Safety concerns for Ariad Pharmaceuticals' (NASDAQ:ARIA) Iclusig resulted in a temporary suspension of its sales in 2013, a more stringent prescribing label upon its commercial return in 2014, and a sagging share price that includes a retreat from more than $25 in 2012 to about $8 currently.
That's a pretty disappointing track record, but Iclusig revenue is beginning to quicken and a new drug may be coming, and as a result, some investors think that Ariad Pharmaceuticals' sub-$10 share price is a bargain. That may be true, but I'm not fully convinced.
Picking up the pace
Ariad Pharmaceuticals won approval for Iclusig's use in previously treated chronic myeloid leukemia, or CML, patients, and Philadelphia chromosome positive acute lymphoblastic leukemia, or Ph+ ALL, patients in 2012.
Because both of those indications are relatively rare, Ariad Pharmaceuticals' commercial hope for Iclusig was more tightly tied to its potential use in previously untreated CML patients.
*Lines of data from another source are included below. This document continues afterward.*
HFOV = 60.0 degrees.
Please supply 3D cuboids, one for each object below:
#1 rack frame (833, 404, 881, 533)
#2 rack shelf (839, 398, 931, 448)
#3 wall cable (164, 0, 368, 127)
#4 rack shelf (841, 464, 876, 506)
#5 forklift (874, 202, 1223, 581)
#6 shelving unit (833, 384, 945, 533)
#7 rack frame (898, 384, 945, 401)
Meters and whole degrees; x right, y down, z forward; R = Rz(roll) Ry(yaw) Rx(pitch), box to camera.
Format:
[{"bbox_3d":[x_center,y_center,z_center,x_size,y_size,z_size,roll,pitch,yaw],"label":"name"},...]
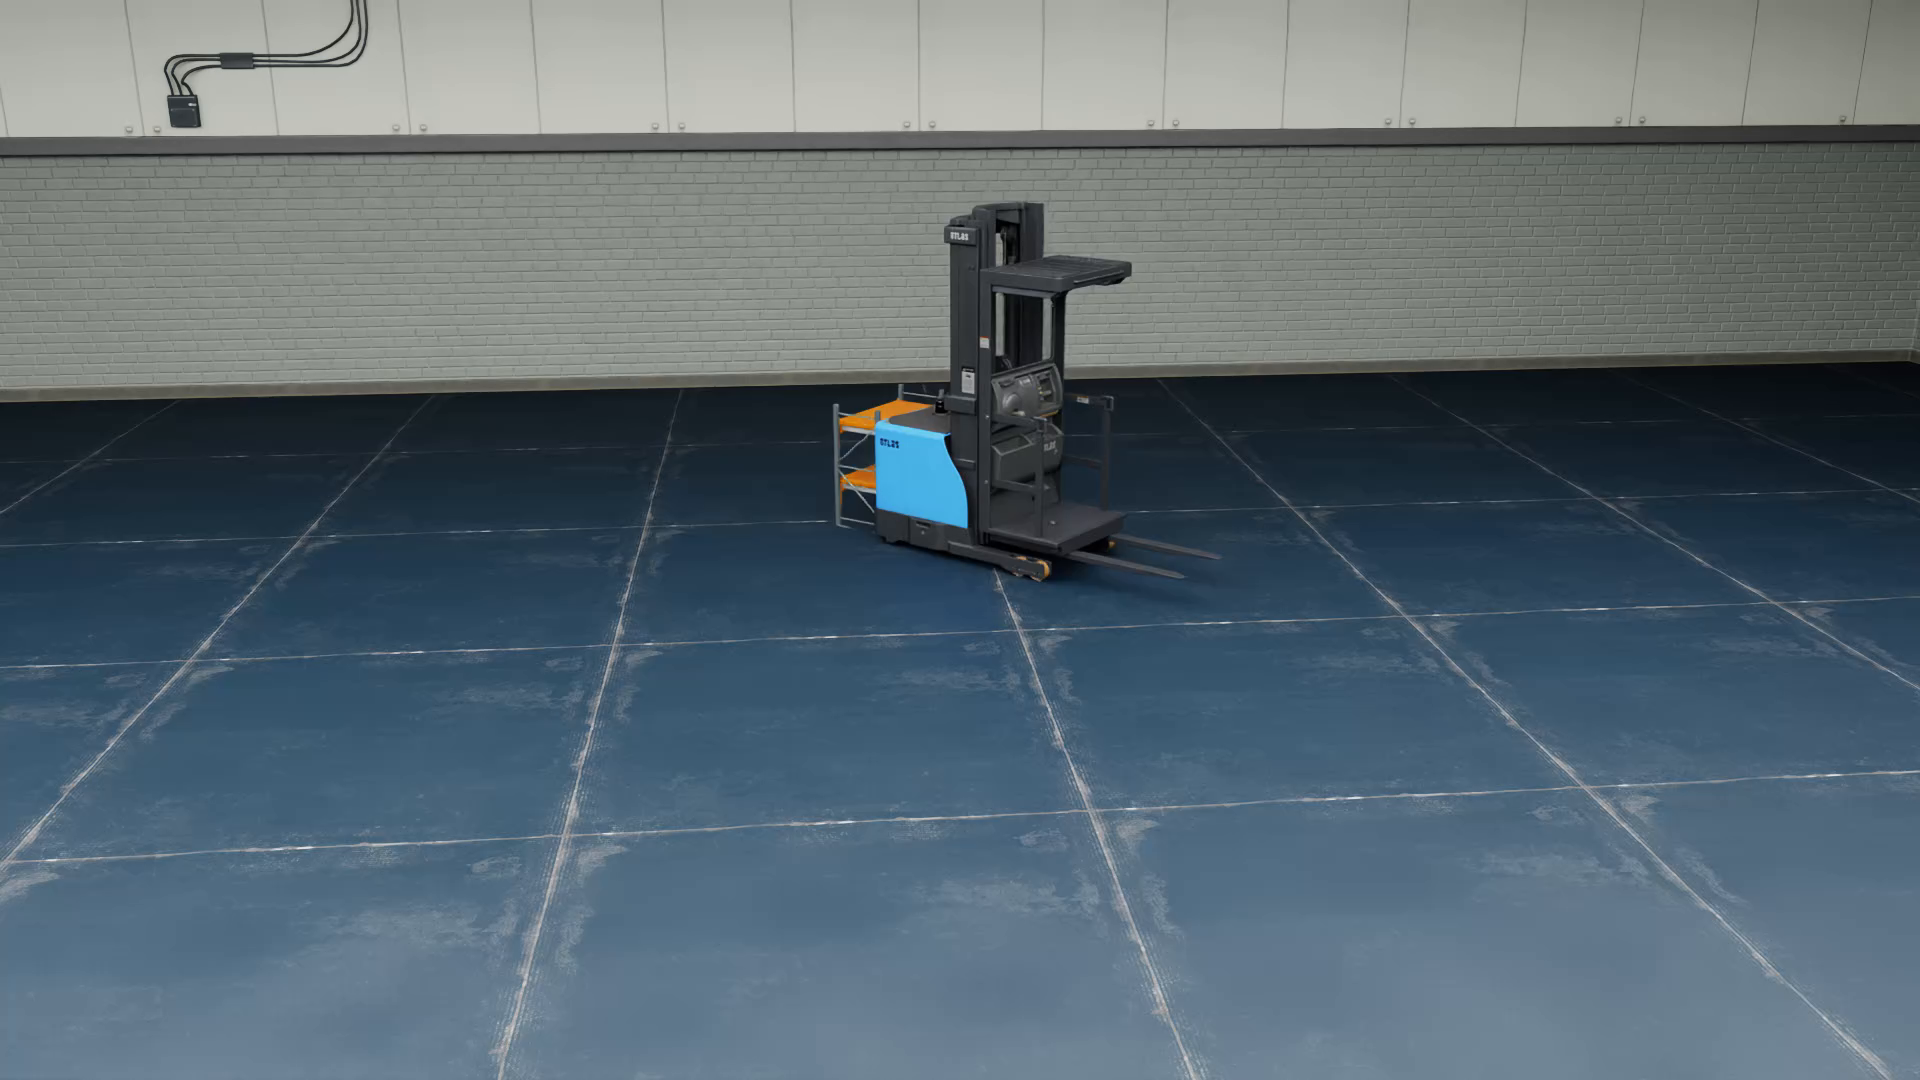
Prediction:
[{"bbox_3d":[-0.908,-0.631,14.809,0.500,1.125,0.032,11,20,31],"label":"rack frame"},{"bbox_3d":[-0.634,-1.038,15.130,0.538,0.278,1.000,11,20,31],"label":"rack shelf"},{"bbox_3d":[-7.940,-7.665,18.390,2.305,6.003,0.169,-2,18,-6],"label":"wall cable"},{"bbox_3d":[-0.634,-0.526,15.291,0.538,0.278,1.000,11,20,31],"label":"rack shelf"},{"bbox_3d":[0.728,-1.241,13.738,3.031,2.935,1.130,13,22,35],"label":"forklift"},{"bbox_3d":[-0.634,-0.759,15.217,0.538,1.125,1.048,11,20,31],"label":"shelving unit"},{"bbox_3d":[-0.359,-0.887,15.626,0.500,1.125,0.032,11,20,31],"label":"rack frame"}]
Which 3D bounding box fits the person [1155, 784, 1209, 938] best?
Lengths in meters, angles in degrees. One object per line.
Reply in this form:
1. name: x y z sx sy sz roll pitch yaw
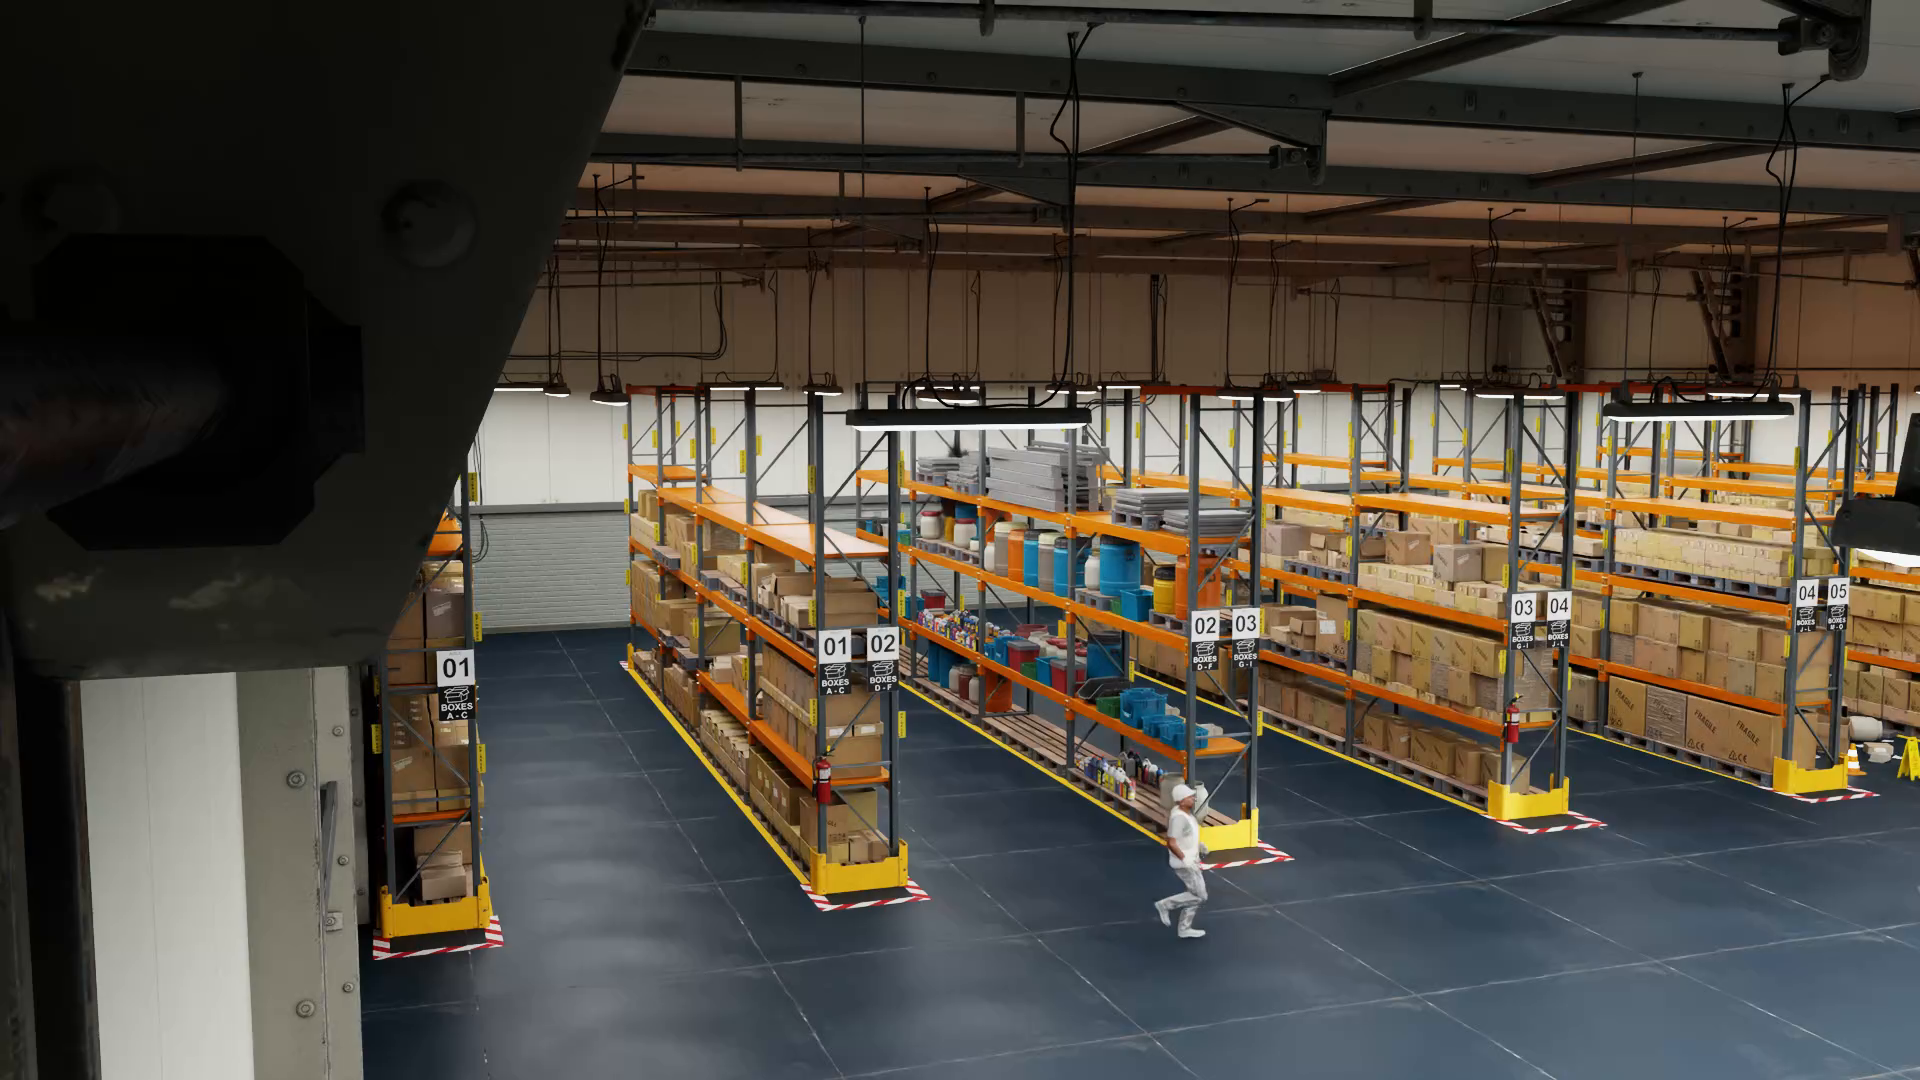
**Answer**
1. person: 2.472 3.573 18.498 0.592 1.737 0.684 1 6 8
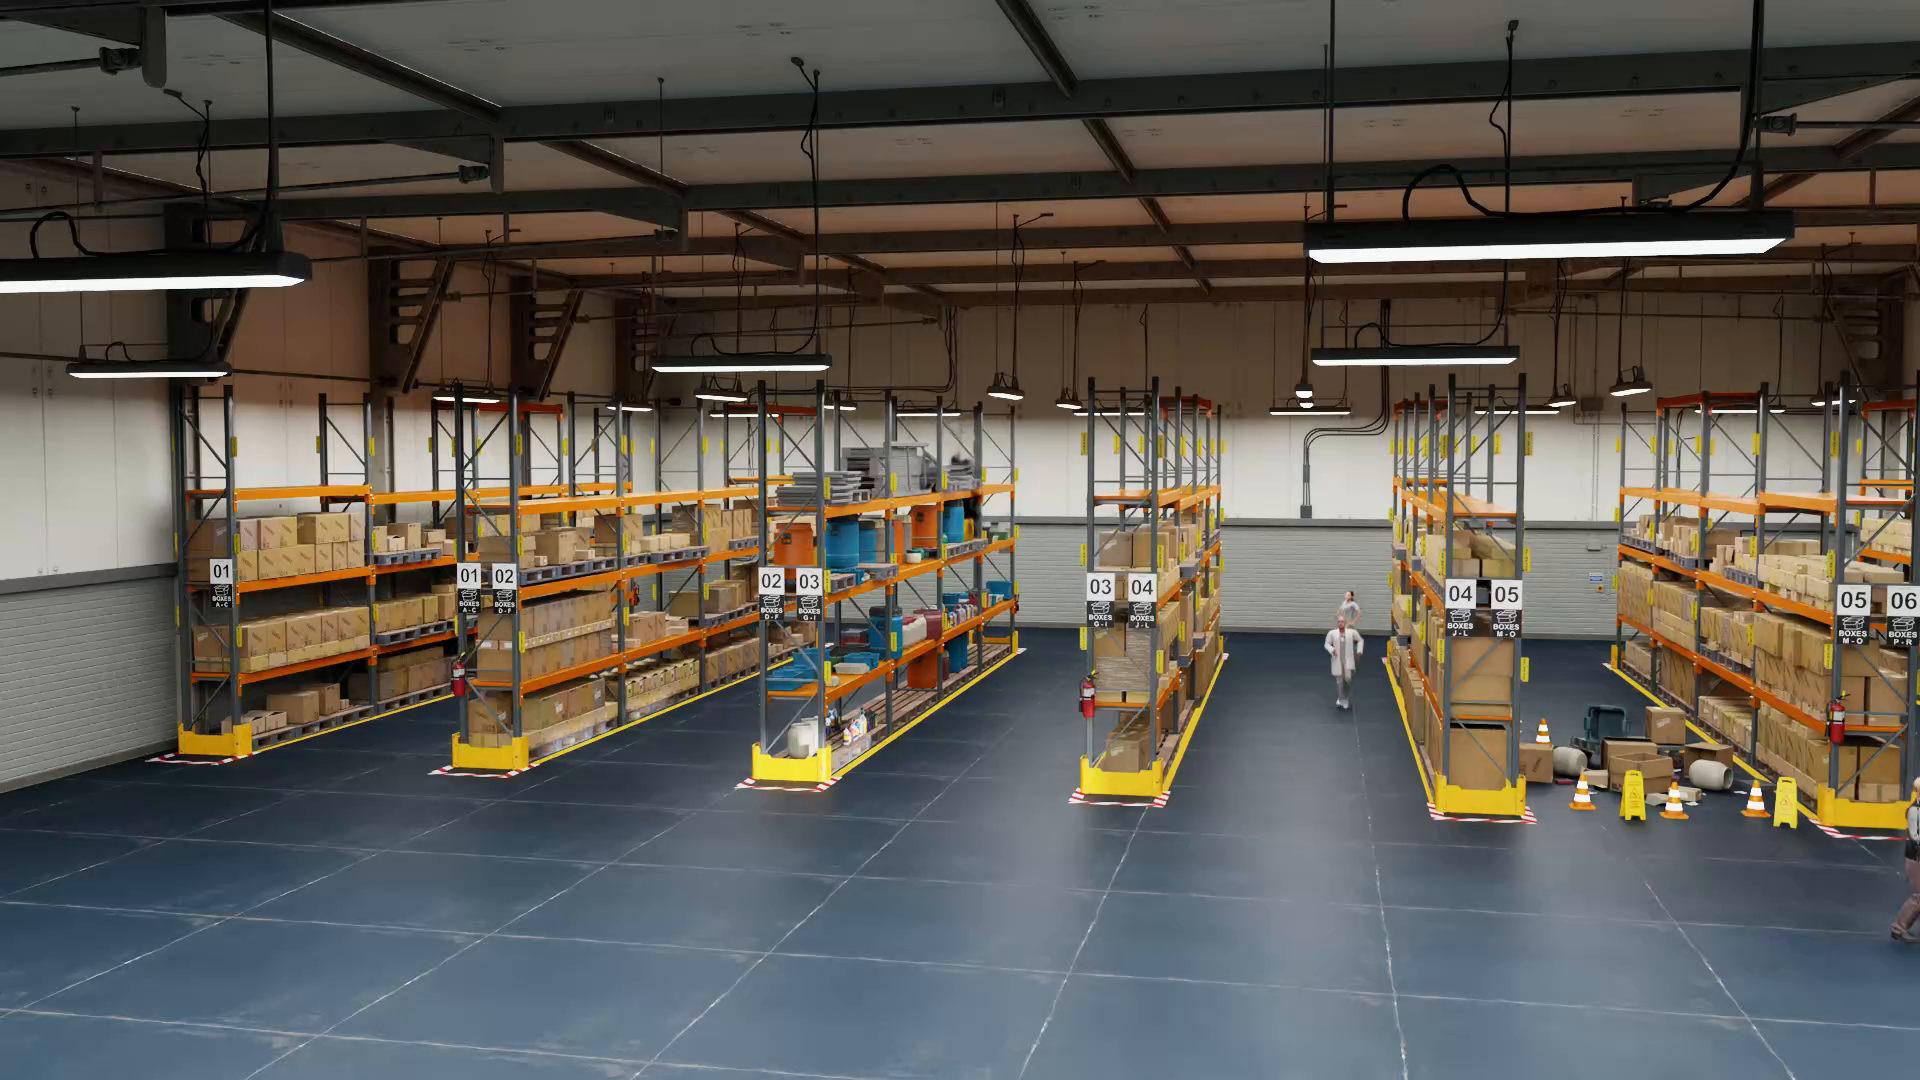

Unfortunately, Ariad was forced to shelve plans for use in treatment in naive CML patients after it was discovered that Iclusig can increase the risk of life-threatening blood clots -- a discovery that would have severely limited its widespread use in otherwise healthy CML patients.
Because of the inability to advance Iclusig into the larger treatment naive CML patient pool, Iclusig has been relegated to a niche status drug and, as a result, sales of Iclusig were only $55.7 million last year.
Based on that performance, it would be hard to argue that Ariad Pharmaceuticals is cheap by any metric, but there are some bright spots that are encouraging to investors. For example, Iclusig's $55.7 million in sales was 23% higher year over year, and Iclusig's sales in the first quarter of this year nearly tripled to $23.9 million from a year ago when Iclusig was relaunched with the more stringent label. Iclusig's first quarter performance has Ariad Pharmaceuticals guiding for Iclusig full year sales of between $130 million-$140 million this year, too.
However, while that's good news, investors may not want to extrapolate Iclusig's sales growth to a potential for Ariad Pharmaceuticals shares soaring higher. That's because Ariad Pharmaceuticals' current $1.5 billion market cap means investors are already paying more than 10 times estimated sales to own Ariad Pharmaceuticals shares, and that's not cheap.
Prospect in the pipeline
Because of Ariad Pharmaceuticals' price to sales multiple, any argument that Ariad Pharmaceuticals' share price is too low also needs to be based on the future revenue potential of brigatinib, a treatment for ALK-positive non-small cell lung cancer, or ALK+ NSCLC, that is currently under development.
Recently, Ariad Pharmaceuticals reported a 70% average patient objective response rate during brigatinib's phase 1/2 study and median 13.4 month progression free survival rate for patients previously treated with Xalkori.
If that data is confirmed by additional trials, it could mean that brigatinib gets filed for FDA approval in 2016 and hits the market in 2017. If so, brigatinib could justify a bigger market cap for the company, but given that there are still a lot of "ifs" remaining, I'm unsure how much of a premium brigatinib is really worth for shares.
Too risky a bet?
Ariad Pharmaceuticals' ability to grow Iclusig sales and win regulatory approval for brigatinib in 2017 could allow it to turn a profit in 2018, but investors will have to endure painful losses until then. In the first quarter, Ariad lost $52.7 million, up from $49.8 million the year before, and as a result the company's cash and equivalents slipped from $352.7 million in December to $304 million in March.
Because of the size of its losses, its cash burn, and the fact that I can't help but think that a lot of Iclusig and brigatinib's potential is already being priced into shares, it's hard for me to recommend this stock to anyone other than someone who could accept the risk of a brigatinib failure. Ultimately, Ariad Pharmaceuticals may prove to be a good buy, but in my view, it's not nearly as cheap as it's price tag makes it appear -- nor cheap enough to pique my interest.